00:14:06.560 Using the training data, our input features would be the minimum temperature, snowfall, and other cores values, while the outcome we're predicting will be the maximum temperature for that day. The model will establish a best-fit line, minimizing the distance between the predicted and actual values.

00:14:56.040 Once we have inputted the training values into the linear regression model, it will analyze all the data points to determine how to draw that best-fit line through them. This is the magic of building a model: after analyzing the relationships, it will try to generate accurate predictions based on the input values.

00:15:42.560 For testing, after building the model, we will feed back some of the separated data into the model to verify its predictions. This means we will input data where the actual outcome is known and compare the model’s predicted results against these known values to evaluate its accuracy.

00:16:33.600 So far, we've discussed how to set up a problem, collect the data, prepare it, train the model, and make predictions. Thank you for your attention. I have a special gift for you: if you visit this URL, you can access the entire repository I used to build this machine learning model. It outlines each step involved in creating the models.

00:17:16.720 Within the repository, you can folow along, tweak things, or even use alternative machine learning algorithms. While my project uses linear regression, you can experiment with other models like neural networks or K-nearest neighbor algorithms to determine which performs better. It's important to note, however, that linear regression might not be the best choice for predicting weather.

00:18:14.320 And here's a nice newsletter from Test Double that you can subscribe to if you'd like to receive more information on topics related to programming and software development. I've made several updates to this talk since I presented it previously.

00:18:48.480 The repository now includes a Docker container that allows you to reproduce the project easily. Keep in mind that it is fairly large, as it is not built from scratch and comes in at several gigabytes. Nevertheless, I believe that this project is helpful and informative.

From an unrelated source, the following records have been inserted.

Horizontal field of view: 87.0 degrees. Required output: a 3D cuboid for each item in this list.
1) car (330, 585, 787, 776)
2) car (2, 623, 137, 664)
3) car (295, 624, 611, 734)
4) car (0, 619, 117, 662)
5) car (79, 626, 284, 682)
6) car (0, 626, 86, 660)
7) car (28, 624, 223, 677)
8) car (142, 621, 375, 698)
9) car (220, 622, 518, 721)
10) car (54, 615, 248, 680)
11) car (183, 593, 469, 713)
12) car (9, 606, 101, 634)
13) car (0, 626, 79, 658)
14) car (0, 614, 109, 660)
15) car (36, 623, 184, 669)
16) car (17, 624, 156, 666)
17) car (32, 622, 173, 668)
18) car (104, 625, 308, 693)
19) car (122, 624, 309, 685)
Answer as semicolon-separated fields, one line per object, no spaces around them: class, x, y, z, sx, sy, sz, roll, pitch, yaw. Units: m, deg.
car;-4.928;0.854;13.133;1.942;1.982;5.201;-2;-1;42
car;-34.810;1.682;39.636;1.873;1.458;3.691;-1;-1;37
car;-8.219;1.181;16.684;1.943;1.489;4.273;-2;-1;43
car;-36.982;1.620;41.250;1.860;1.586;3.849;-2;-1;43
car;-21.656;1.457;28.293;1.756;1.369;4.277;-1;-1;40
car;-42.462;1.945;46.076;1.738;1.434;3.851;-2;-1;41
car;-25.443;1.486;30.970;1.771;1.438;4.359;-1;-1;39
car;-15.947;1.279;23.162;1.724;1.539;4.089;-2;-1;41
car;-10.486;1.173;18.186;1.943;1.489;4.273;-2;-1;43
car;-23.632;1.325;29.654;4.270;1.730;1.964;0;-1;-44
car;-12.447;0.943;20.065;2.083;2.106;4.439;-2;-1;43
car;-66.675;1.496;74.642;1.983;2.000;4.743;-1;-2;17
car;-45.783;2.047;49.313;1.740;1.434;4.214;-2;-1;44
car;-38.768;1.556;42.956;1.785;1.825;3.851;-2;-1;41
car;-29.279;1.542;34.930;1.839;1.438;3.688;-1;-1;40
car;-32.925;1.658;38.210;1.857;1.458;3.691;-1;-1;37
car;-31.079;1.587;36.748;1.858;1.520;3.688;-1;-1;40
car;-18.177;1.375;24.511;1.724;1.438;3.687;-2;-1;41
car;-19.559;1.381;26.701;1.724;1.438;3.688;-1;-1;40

00:19:31.680 I welcome any questions now. What would you like to know?

00:19:55.360 Audience member: How many rows were in the data?

00:20:01.280 Landon: Oh, I skipped that detail. There are about 23,000 rows in the dataset.

00:20:25.360 Audience member: How did you determine that 80% of the data should be used for training and 20% for testing?

00:20:42.800 Landon: This split is generally a rule of thumb in data science. Typically, you want to use more data for training than for testing to allow the model enough exposure to diverse inputs to learn effectively.

00:21:15.360 Audience member: Why wasn't Ruby popular for machine learning?

00:21:30.640 Landon: There are two main reasons: First, many crucial libraries for machine learning were developed in Python, giving it a head start and stronger community support. Secondly, there was less focus on Ruby within the data science community which has traditionally leaned towards Python, making it less appealing for data science applications.

00:22:31.480 Audience member: Can you explain how your model makes predictions for specific dates?

00:22:50.480 Landon: The model uses the training data that includes maximum temperatures from prior days to predict future temperatures. It takes the most recent maximum temperatures and utilizes them alongside other features from previous days' records.

00:23:45.720 Landon: I appreciate your attention today. Feel free to reach out if you have any more questions!